What stone had I left unturned? Why is she still so sick and frail and how can
I know what she needs? The answers always came late at night as I was trying to
fall asleep. The spiritual direction always came to my mind that I needed to
try this or seek out that specialist, and I knew it was from Heavenly Father. I
knew that Heavenly Father is Cora’s baby just as much mine, and that He would
guide me to care for her. I have seen so many miracles on her behalf to which I
will always credit Him.
You and Dad
are the best grandparents around, how lucky are all of these grandchildren?! My
only sadness is not living closer, so my kids could have a closer relationship
with you and Dad and growing up along side their cousins. I try to make the
most of the time we do get together and summers are certainly a time for
learning lessons from Grandma and Grandpa.
I hope I can
keep Grandma’s and your examples close to my heart, especially the way that she
ministered to so many people.

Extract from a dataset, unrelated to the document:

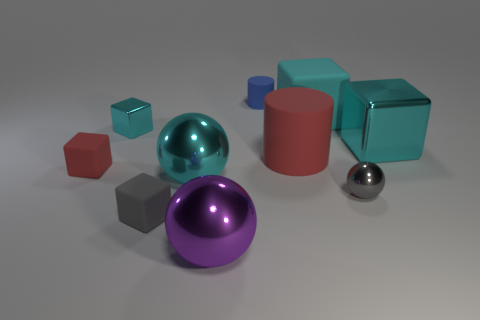How many cyan blocks must be subtracted to get 1 cyan blocks? 2 Subtract all red spheres. How many cyan blocks are left? 3 Subtract all gray blocks. How many blocks are left? 4 Subtract all small gray cubes. How many cubes are left? 4 Subtract all purple blocks. Subtract all yellow balls. How many blocks are left? 5 Subtract all cylinders. How many objects are left? 8 Subtract 0 green balls. How many objects are left? 10 Subtract all matte objects. Subtract all large yellow spheres. How many objects are left? 5 Add 5 matte cylinders. How many matte cylinders are left? 7 Add 2 big red cylinders. How many big red cylinders exist? 3 
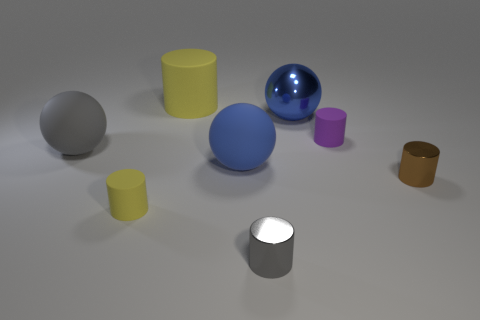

I still remember the calendar on the farm always
had VT written on it multiple times a month but it wasn’t until years later I
learned it stood for visiting teaching. You walk in your mother’s footsteps in
the way she ministered and I pray I can do the same.
Mom, I love
you more than words can say! I am so appreciative of all that you do and are.
As I’ve entered this phase of rearing teenagers, I think back to what I put you
through and it makes my heart hurt knowing I caused you grief. I guess it’s my
turn to experience the teenage grief now! As Dad always says, “What goes around
comes around.” I am so grateful to you and love you so, so much!